Siri Hustvedt: “Almost all young, attractive women find it hard to be accepted as authors worth reading”
I would be lying if I said that the first time I read a book by Siri Hustvedt I did so without thinking about her as the wife of Paul Auster. It’s possible that the person who recommended it to me, also a reader of this author from New York, mentioned this fact when they lent it to me, whether as a guarantee of quality or as mere gossip, who knows. The fact is that when I read What I loved, I was conditioned from the outset by the idea of who the author was, not in relation to her personal or intellectual qualities, but in terms of something as irrelevant—as regards her work—as the man with whom she lived. I took it for granted that, if I liked Auster, it was very possible that I would like his wife, that they must share a similar style, and that he must have had some kind of influence on her writing or her perspective on world.

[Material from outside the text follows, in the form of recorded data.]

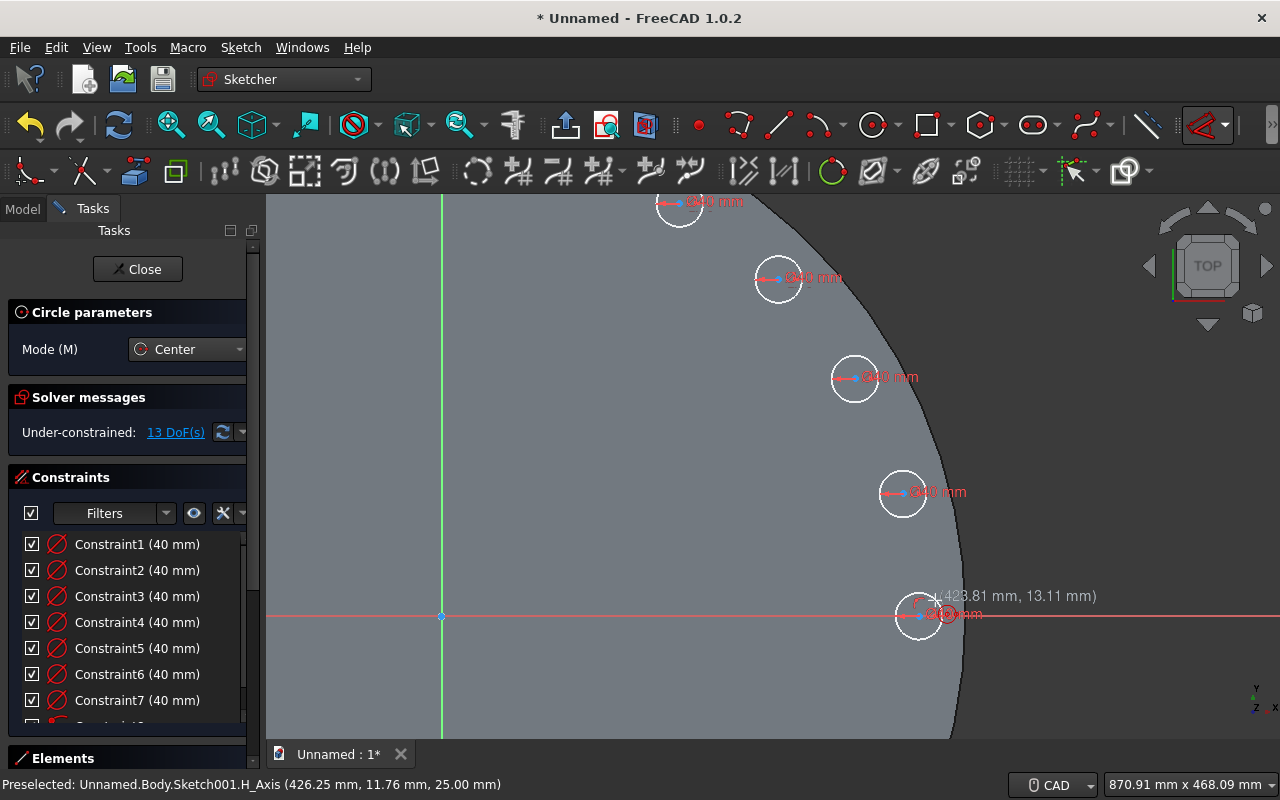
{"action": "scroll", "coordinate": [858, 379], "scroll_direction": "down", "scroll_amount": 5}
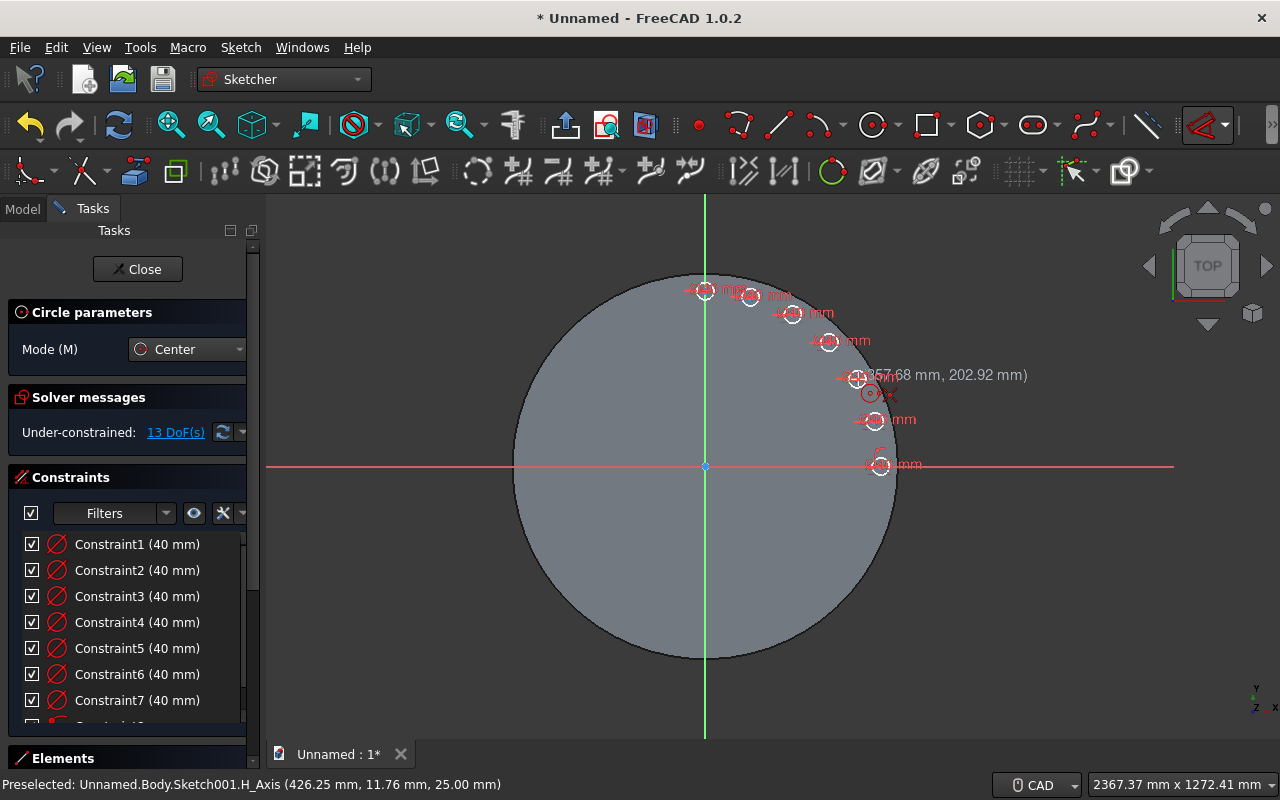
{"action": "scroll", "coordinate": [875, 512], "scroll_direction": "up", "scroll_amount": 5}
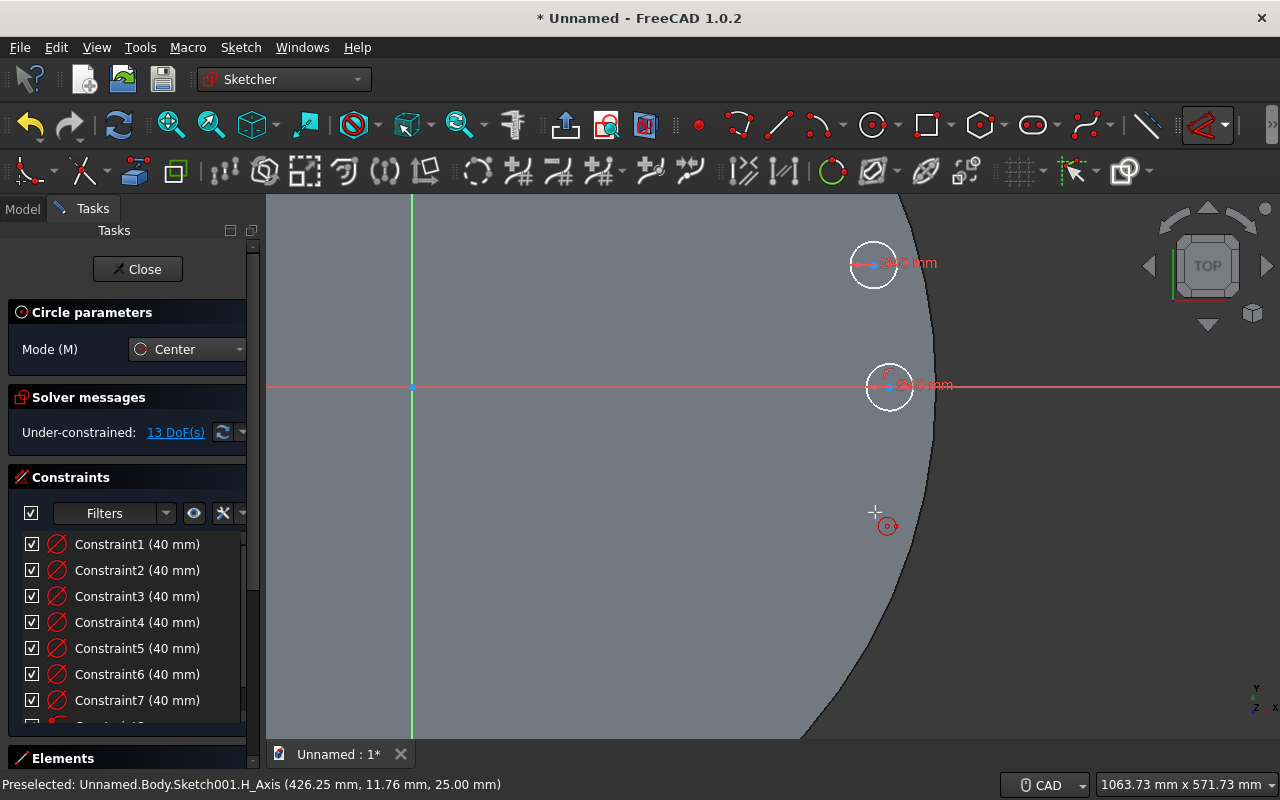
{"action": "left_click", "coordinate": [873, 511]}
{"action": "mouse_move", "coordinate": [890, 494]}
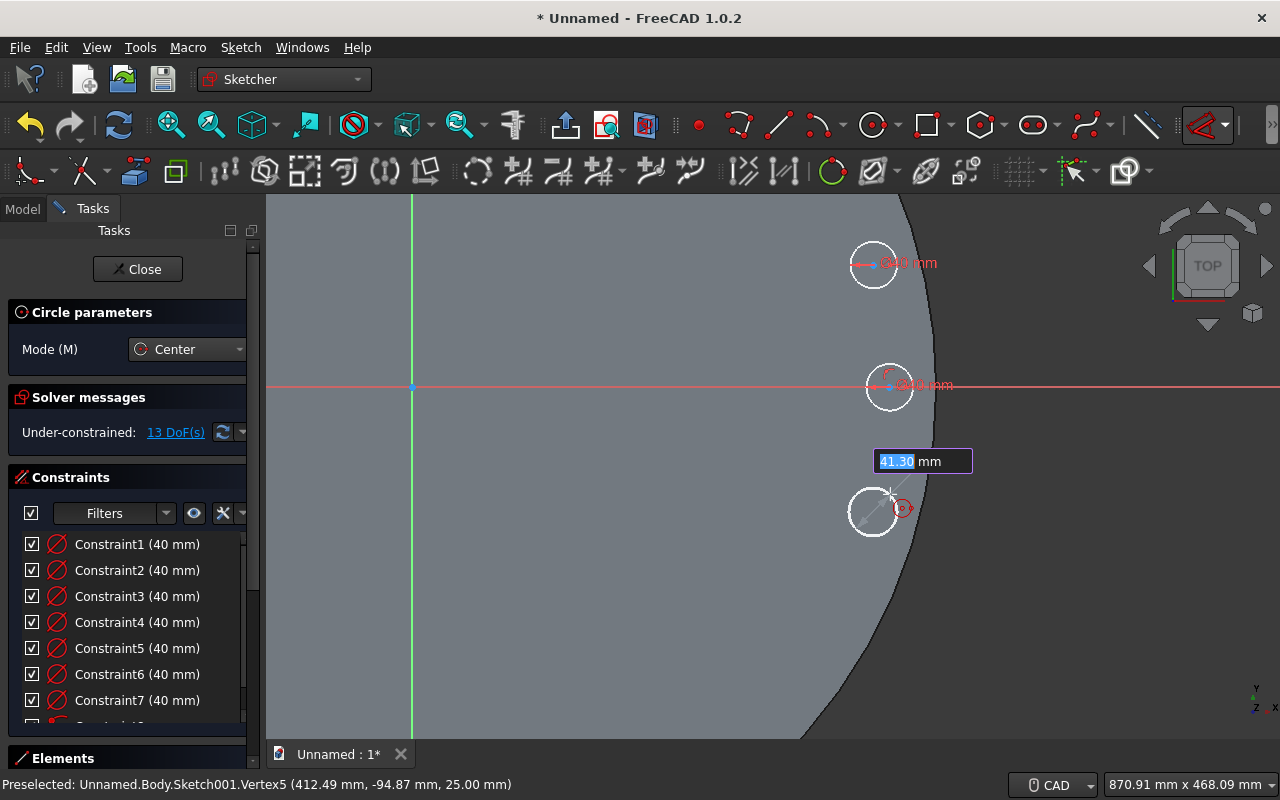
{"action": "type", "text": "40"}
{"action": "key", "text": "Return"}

Neither can I hide a certain sense of embarrassment in confessing this, although at the same time I think it’s an important fact to recall because, fifteen years after that first novel, I feel more curiosity to read a new book by Hustvedt than by her husband. This not only reflects my relationship with her as an author, but also how my understanding of feminism has evolved: through self-criticism, trial and error, and learning. Nowadays, it wouldn’t occur to me to draw a correlation or attribute certain characteristics to someone just because they are the partner of someone else, and perhaps because of that, Siri Hustvedt is not only a writer and intellectual who I follow with interest, but also a kind of symbol of the development of my feminist awareness, always incomplete, always liable to error and always in process.
She has come to Barcelona, after receiving the Princess of Asturias Award for Literature 2019, to present her latest novel, Memories of the Future (published in Catalan as Records del Futur by Edicions 62/Seix Barral), a fictional work in which you can’t help but see —and she herself doesn’t try to hide it— a fictionalised reminiscence of her years as a student in New York. Minnesota —as they call her protagonist, even though, revealingly, her initials are S.H. just like the author’s— arrives in the city, alone and penniless, and becomes obsessed with the strange behaviour of her neighbour Lucy, writing down her observations in a notebook. Forty years later, now a professional writer, the protagonist looks back on her notes to create a story about memories and how they are shaped over time.
Siri Hustvedt is not only a writer and intellectual who I follow with interest, but also a kind of symbol of the development of my feminist awareness, always incomplete, always liable to error and always in process. Reading her, I ask myself whether, to a certain extent, we are allowed to create. The female artist, the female writer and creative falls within parameters that often shift between condescension and a certain fetishism
Minnesota is a young, attractive and intelligent young woman. She lives with this contradiction and she is surprised how the prejudices of other people—especially men—generate a conflict between her physical appearance and her brain. I tell Hustvedt how, when I was a girl, I decided that I didn’t fit into the standard definitions of beauty, but that I knew I was smart, and so that would be how I made my way in life. After publishing my first book, someone said that people paid attention to me because I was pretty. Like Minnesota, I also lived with this paradox, which in some way also left me feeling defenceless: what would I do with my shield now? Hustvedt laughs loudly. “It’s a fascinating subject” she says. “It’s very difficult, in our culture, to accept the idea of an author, someone who writes books, like you or I, and who comes in a young, attractive package. You might not fit into the normal standard of beauty, but it doesn’t matter: almost all attractive women aged 20, 30 or even 40 find it hard to be accepted as authors who are worth reading. It’s a big cultural problem. I think I was also somewhat naïve when I published for the first time. I thought that books didn’t have a gender, that they were made of material, that they were there for anyone who wanted to read them. I don’t write my books for a specific gender, I write them for any human being that wants to read them. And it was extremely shocking and painful to gradually realise that my appearance would interfere with how I was read”.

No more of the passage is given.